Look in the material below for the line holding "This view is 52.1° wide.". Set it down exactly, with each later line up to and including the line holding "rpy_deg = -7, 63, 11".
╭─ DATA PROVIDED
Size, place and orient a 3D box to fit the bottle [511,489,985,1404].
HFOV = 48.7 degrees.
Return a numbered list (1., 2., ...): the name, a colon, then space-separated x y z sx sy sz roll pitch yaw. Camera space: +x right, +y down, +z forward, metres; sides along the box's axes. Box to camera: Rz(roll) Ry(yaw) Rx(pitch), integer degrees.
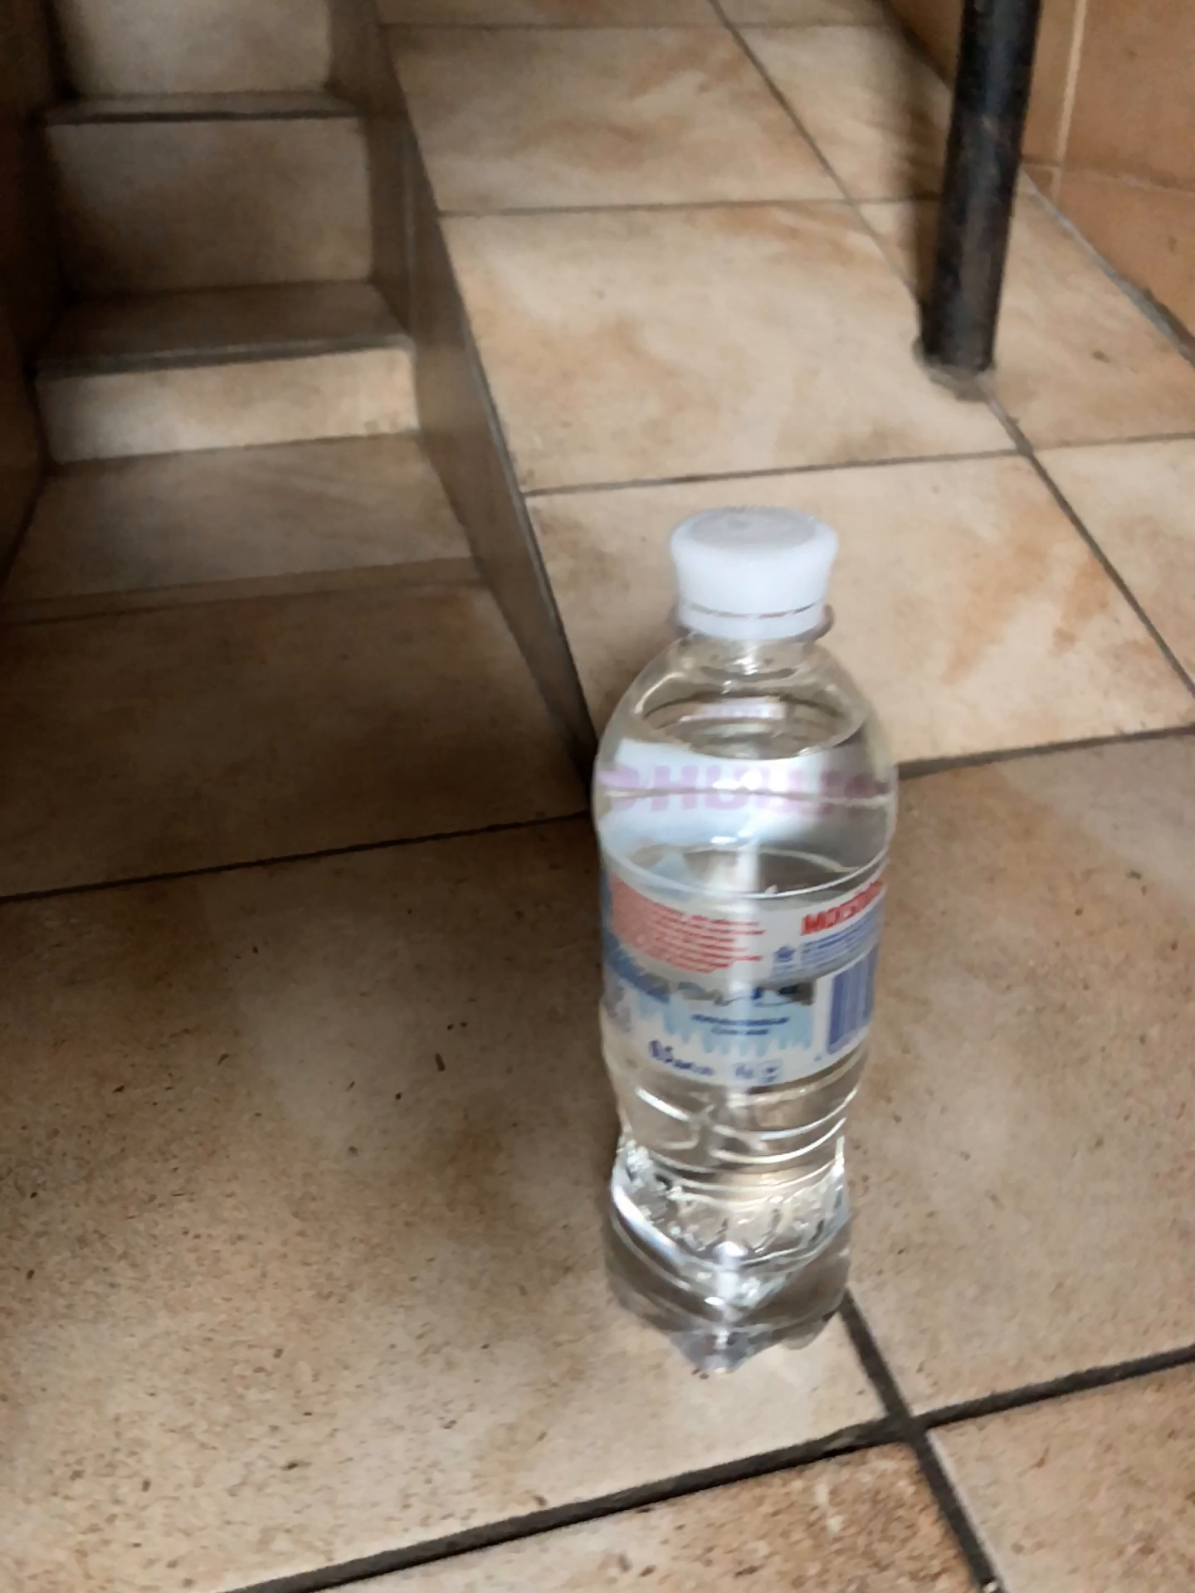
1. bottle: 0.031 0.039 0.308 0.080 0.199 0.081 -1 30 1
╰─
╭─ DATA PROVIDED
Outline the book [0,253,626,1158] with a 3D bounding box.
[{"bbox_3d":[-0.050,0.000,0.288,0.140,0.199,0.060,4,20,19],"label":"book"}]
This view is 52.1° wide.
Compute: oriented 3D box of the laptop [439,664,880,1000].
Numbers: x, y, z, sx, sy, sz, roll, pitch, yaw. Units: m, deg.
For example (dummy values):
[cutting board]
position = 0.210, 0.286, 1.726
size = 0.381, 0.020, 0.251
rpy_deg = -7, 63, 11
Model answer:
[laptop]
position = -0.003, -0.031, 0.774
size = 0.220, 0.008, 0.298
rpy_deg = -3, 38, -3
╰─
> REPLY TO THE EXERCISE
This view is 52.1° wide.
Compute: oriented 3D box of the laptop [439,664,880,1000].
Numbers: x, y, z, sx, sy, sz, roll, pitch, yaw. Units: m, deg.
For example (dummy values):
[cutting board]
position = 0.210, 0.286, 1.726
size = 0.381, 0.020, 0.251
rpy_deg = -7, 63, 11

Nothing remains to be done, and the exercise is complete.